Iterative Reinforcement Cross-Domain Text Classification

  • Authors:
  • Di Zhang;Gui-Rong Xue;Yong Yu

  • Affiliations:
  • Department of Computer Science and Engineering, Shanghai Jiao Tong University, Shanghai, China 200240;Department of Computer Science and Engineering, Shanghai Jiao Tong University, Shanghai, China 200240;Department of Computer Science and Engineering, Shanghai Jiao Tong University, Shanghai, China 200240

  • Venue:
  • ADMA '08 Proceedings of the 4th international conference on Advanced Data Mining and Applications
  • Year:
  • 2008

Quantified Score

Hi-index 0.01

Visualization

Abstract

Traditional text classification techniques are based on a basic assumption that the underlying distributions of training and test data should be identical.

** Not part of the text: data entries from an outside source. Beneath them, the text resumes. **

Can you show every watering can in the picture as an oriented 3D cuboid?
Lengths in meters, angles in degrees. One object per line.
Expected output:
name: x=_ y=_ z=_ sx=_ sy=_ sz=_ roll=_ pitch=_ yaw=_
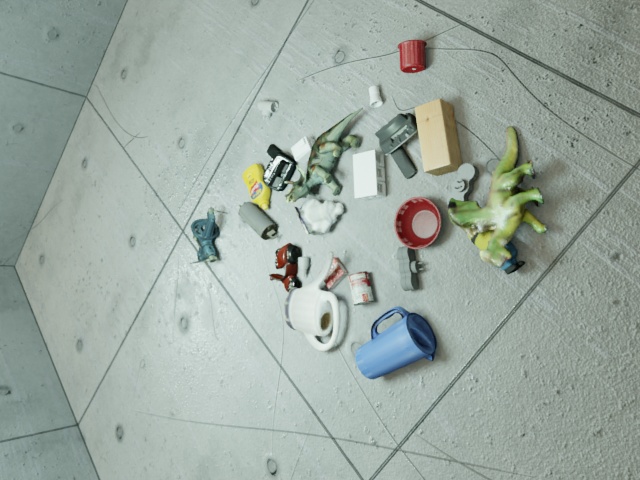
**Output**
watering can: x=-0.021 y=0.207 z=1.780 sx=0.224 sy=0.104 sz=0.347 roll=2 pitch=94 yaw=40

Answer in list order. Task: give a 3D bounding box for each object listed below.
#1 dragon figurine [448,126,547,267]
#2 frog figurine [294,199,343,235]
dragon figurine: x=0.464 y=-0.112 z=1.395 sx=0.242 sy=0.120 sz=0.419 roll=-16 pitch=57 yaw=17
frog figurine: x=0.006 y=-0.092 z=1.828 sx=0.160 sy=0.120 sz=0.140 roll=-24 pitch=56 yaw=-3
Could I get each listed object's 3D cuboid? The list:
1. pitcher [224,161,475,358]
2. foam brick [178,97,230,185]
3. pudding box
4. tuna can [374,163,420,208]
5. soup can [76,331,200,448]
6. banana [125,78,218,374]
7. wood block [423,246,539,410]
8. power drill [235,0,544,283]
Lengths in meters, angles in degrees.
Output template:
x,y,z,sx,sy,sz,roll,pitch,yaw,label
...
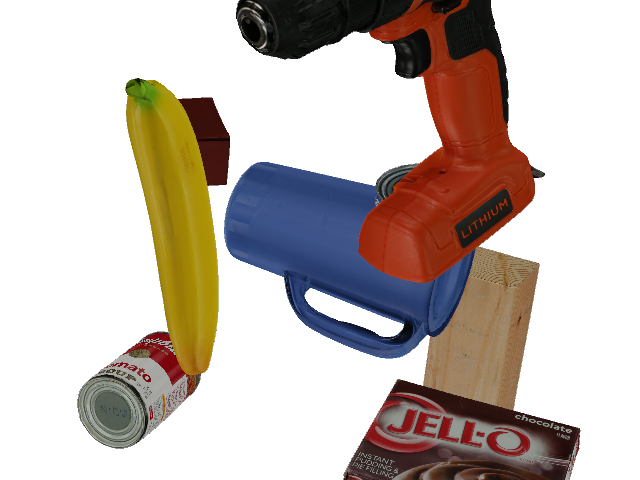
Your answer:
x,y,z,sx,sy,sz,roll,pitch,yaw,label
0.024,0.009,1.077,0.243,0.145,0.149,17,23,21,pitcher
-0.119,-0.092,0.996,0.053,0.051,0.078,-5,37,-17,foam brick
0.079,0.127,0.592,0.114,0.039,0.090,15,33,17,pudding box
0.082,-0.023,0.789,0.086,0.034,0.086,3,31,-2,tuna can
-0.157,0.129,0.926,0.069,0.068,0.102,0,16,21,soup can
-0.089,-0.015,0.633,0.037,0.198,0.069,0,32,15,banana
0.178,0.122,1.211,0.090,0.206,0.090,16,23,24,wood block
0.046,-0.075,0.514,0.184,0.187,0.057,-34,43,-30,power drill
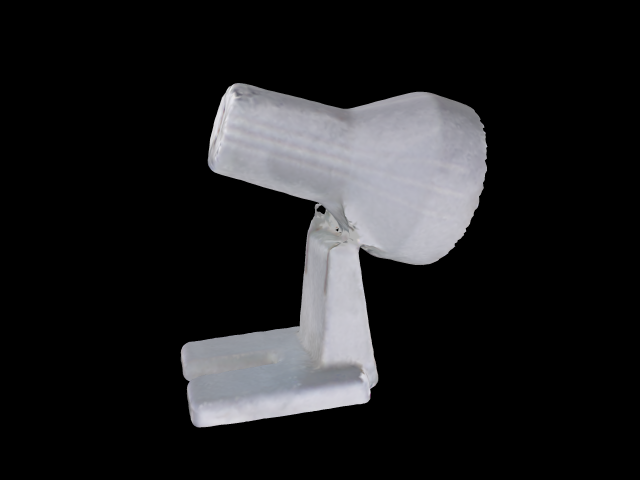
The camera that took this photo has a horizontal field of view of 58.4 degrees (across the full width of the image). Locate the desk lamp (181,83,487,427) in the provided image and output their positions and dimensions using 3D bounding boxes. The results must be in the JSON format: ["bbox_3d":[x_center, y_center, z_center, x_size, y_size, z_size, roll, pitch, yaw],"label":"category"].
[{"bbox_3d":[0.004,0.001,0.400,0.203,0.214,0.117,-5,15,-18],"label":"desk lamp"}]

However, in many real world applications, this assumption is not often satisfied. Labeled training data are expensive, but there may be some labeled data available in a different but related domain from test data. Therefore, how to make use of labeled data from a different domain to supervise the classification becomes a crucial task. In this paper, we propose a novel algorithm for cross-domain text classification using reinforcement learning. In our algorithm, the training process is iteratively reinforced by making use of the relations between documents and words. Empirically, our method is an effective and scalable approach for text categorization when the training and test data are from different but related domains. The experimental results show that our algorithm can achieve better performance than several state-of-art classifiers.